▶ [INSTRUCTIONS FOR THE TASK]
Whenever a line below includes the word "median", copy that line.

▶ [EXTRACTED DATA]
Segment Open

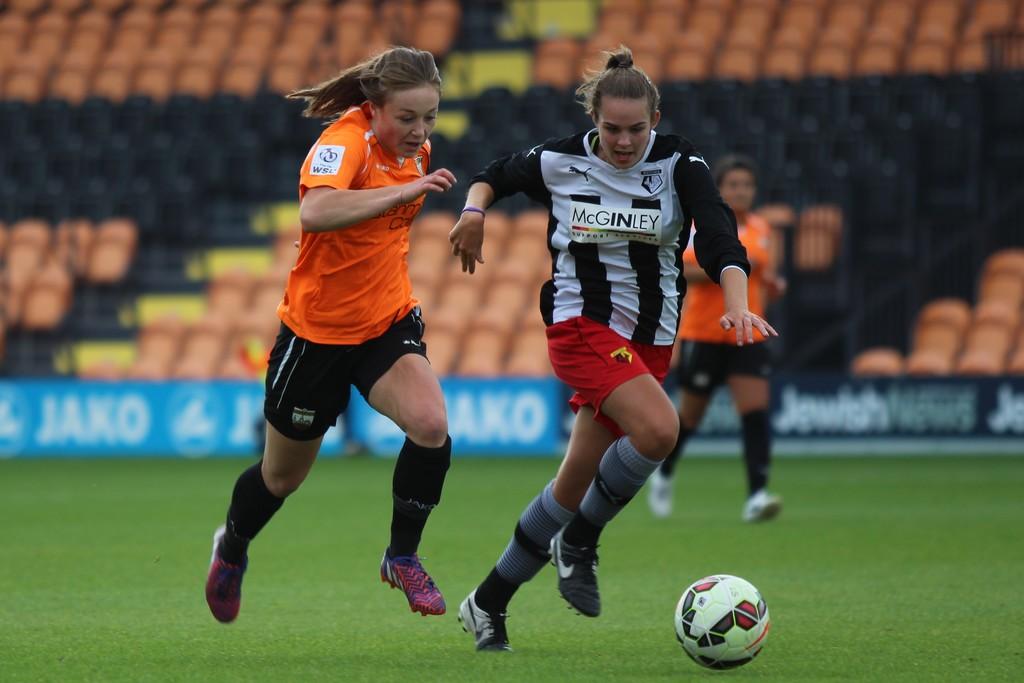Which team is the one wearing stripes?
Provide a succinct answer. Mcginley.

Segment Closed
Segment Open

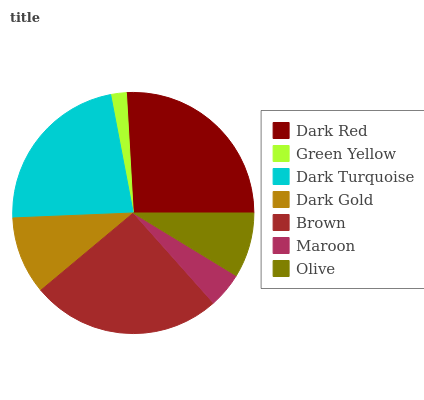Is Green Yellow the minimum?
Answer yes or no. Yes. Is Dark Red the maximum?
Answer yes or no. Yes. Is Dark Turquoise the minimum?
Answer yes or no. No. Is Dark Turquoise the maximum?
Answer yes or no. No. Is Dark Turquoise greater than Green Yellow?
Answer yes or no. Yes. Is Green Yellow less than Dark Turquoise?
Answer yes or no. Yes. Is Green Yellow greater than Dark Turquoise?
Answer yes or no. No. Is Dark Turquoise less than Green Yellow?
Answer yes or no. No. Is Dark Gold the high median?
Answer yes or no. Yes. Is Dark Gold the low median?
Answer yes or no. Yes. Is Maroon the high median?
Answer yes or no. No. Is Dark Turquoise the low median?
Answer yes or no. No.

Segment Closed

▶ [ANSWER FOR THIS EXERCISE]
Answer yes or no. No. Is Dark Gold the high median?
Answer yes or no. Yes. Is Dark Gold the low median?
Answer yes or no. Yes. Is Maroon the high median?
Answer yes or no. No. Is Dark Turquoise the low median?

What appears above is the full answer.